[Start of section]

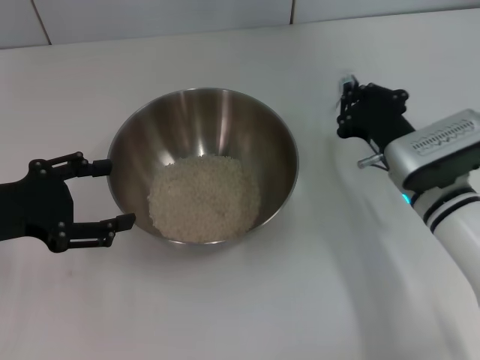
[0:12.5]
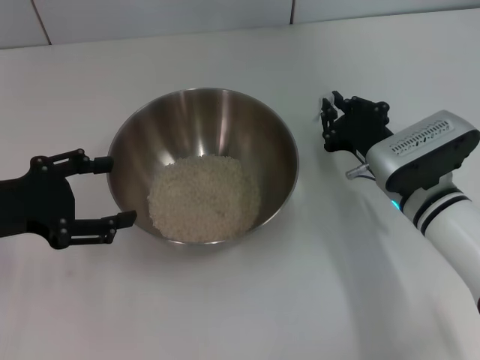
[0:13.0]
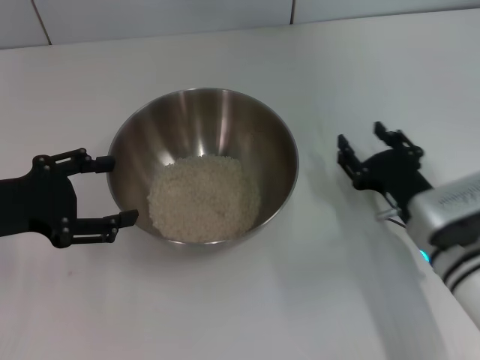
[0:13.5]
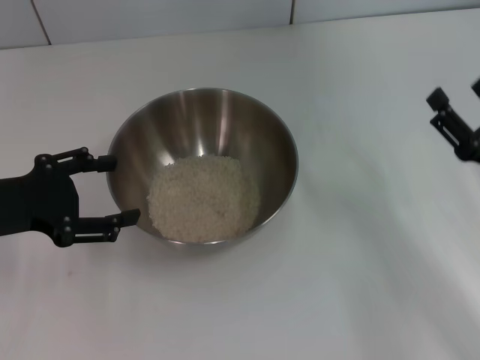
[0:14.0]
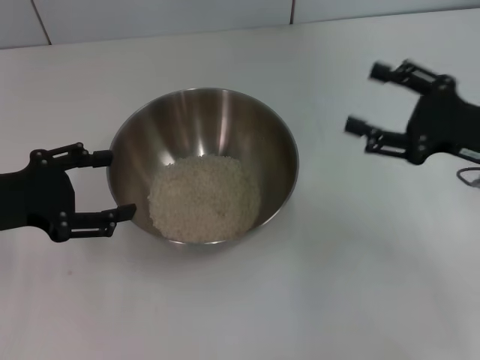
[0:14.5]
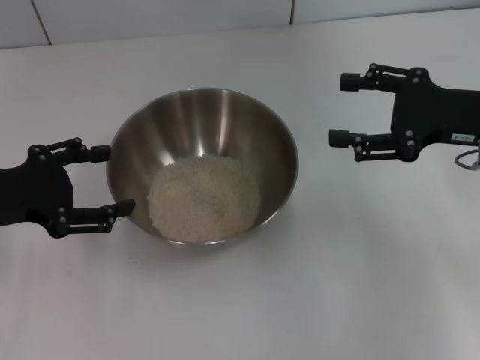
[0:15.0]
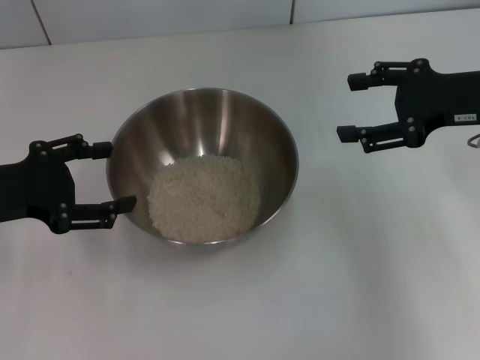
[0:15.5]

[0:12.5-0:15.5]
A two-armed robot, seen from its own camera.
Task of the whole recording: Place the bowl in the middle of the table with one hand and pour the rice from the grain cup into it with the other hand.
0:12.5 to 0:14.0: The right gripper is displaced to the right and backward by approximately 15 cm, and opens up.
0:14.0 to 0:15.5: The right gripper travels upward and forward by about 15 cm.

[End of section]

# Exercise aim
Repeat every entry above exactly; images stay out of the copy.

# Answer space
[0:12.5]
[0:13.0]
[0:13.5]
[0:14.0]
[0:14.5]
[0:15.0]
[0:15.5]

[0:12.5-0:15.5]
A two-armed robot, seen from its own camera.
Task of the whole recording: Place the bowl in the middle of the table with one hand and pour the rice from the grain cup into it with the other hand.
0:12.5 to 0:14.0: The right gripper is displaced to the right and backward by approximately 15 cm, and opens up.
0:14.0 to 0:15.5: The right gripper travels upward and forward by about 15 cm.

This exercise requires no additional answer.